- **WHAT IS EXPECTED**:
Please copy out every line of the listing below in which the word "object" appears.

- **LISTED RECORDS**:

________________

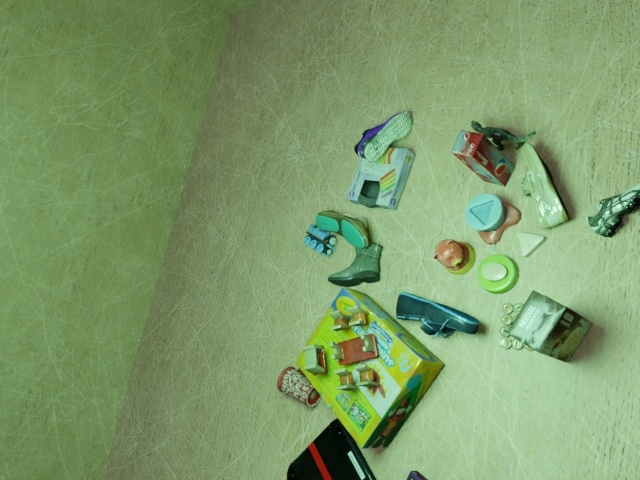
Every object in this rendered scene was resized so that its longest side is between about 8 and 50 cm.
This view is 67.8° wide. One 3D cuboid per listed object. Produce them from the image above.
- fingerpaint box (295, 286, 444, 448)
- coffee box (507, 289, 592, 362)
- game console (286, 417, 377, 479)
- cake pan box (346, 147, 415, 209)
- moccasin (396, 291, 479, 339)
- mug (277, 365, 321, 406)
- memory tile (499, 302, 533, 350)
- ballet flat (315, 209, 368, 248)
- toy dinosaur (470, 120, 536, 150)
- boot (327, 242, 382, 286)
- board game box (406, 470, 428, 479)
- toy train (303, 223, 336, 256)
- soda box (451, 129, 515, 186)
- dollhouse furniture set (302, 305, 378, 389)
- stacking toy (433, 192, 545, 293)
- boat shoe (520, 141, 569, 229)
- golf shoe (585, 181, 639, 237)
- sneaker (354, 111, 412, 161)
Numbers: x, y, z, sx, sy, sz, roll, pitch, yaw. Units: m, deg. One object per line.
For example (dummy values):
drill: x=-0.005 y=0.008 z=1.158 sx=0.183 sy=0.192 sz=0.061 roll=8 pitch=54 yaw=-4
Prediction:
fingerpaint box: x=0.161 y=0.448 z=1.735 sx=0.444 sy=0.163 sz=0.371 roll=40 pitch=102 yaw=45
coffee box: x=0.633 y=0.240 z=1.307 sx=0.098 sy=0.246 sz=0.141 roll=34 pitch=97 yaw=46
game console: x=0.052 y=0.906 z=1.732 sx=0.342 sy=0.060 sz=0.387 roll=-48 pitch=47 yaw=11
cake pan box: x=0.251 y=-0.263 z=2.024 sx=0.245 sy=0.070 sz=0.267 roll=16 pitch=84 yaw=48
moccasin: x=0.395 y=0.273 z=1.631 sx=0.342 sy=0.137 sz=0.117 roll=15 pitch=88 yaw=60
mug: x=-0.076 y=0.584 z=1.947 sx=0.169 sy=0.113 sz=0.151 roll=17 pitch=87 yaw=43
memory tile: x=0.615 y=0.267 z=1.483 sx=0.113 sy=0.012 sz=0.148 roll=-5 pitch=70 yaw=43
ballet flat: x=0.120 y=-0.063 z=2.031 sx=0.342 sy=0.124 sz=0.116 roll=23 pitch=130 yaw=51
toy dinosaur: x=0.636 y=-0.355 z=1.650 sx=0.268 sy=0.118 sz=0.064 roll=28 pitch=86 yaw=48
boot: x=0.147 y=0.100 z=1.972 sx=0.246 sy=0.083 sz=0.161 roll=-12 pitch=58 yaw=35
board game box: x=0.295 y=0.937 z=1.483 sx=0.208 sy=0.056 sz=0.347 roll=27 pitch=92 yaw=51
toy train: x=0.000 y=0.000 z=2.146 sx=0.184 sy=0.080 sz=0.105 roll=30 pitch=89 yaw=47
soda box: x=0.548 y=-0.272 z=1.596 sx=0.092 sy=0.263 sz=0.084 roll=28 pitch=94 yaw=47
dollhouse furniture set: x=0.078 y=0.392 z=1.657 sx=0.258 sy=0.135 sz=0.262 roll=-20 pitch=60 yaw=25
stacking toy: x=0.544 y=0.008 z=1.577 sx=0.309 sy=0.130 sz=0.279 roll=-56 pitch=44 yaw=11
boat shoe: x=0.695 y=-0.180 z=1.533 sx=0.098 sy=0.109 sz=0.303 roll=-28 pitch=61 yaw=31
golf shoe: x=0.853 y=-0.107 z=1.368 sx=0.198 sy=0.077 sz=0.094 roll=-51 pitch=45 yaw=14
sneaker: x=0.253 y=-0.453 z=2.015 sx=0.293 sy=0.102 sz=0.146 roll=-41 pitch=35 yaw=-17

________________

- **EXPECTED ANSWER**:
Every object in this rendered scene was resized so that its longest side is between about 8 and 50 cm.
This view is 67.8° wide. One 3D cuboid per listed object. Produce them from the image above.
Numbers: x, y, z, sx, sy, sz, roll, pitch, yaw. Units: m, deg. One object per line.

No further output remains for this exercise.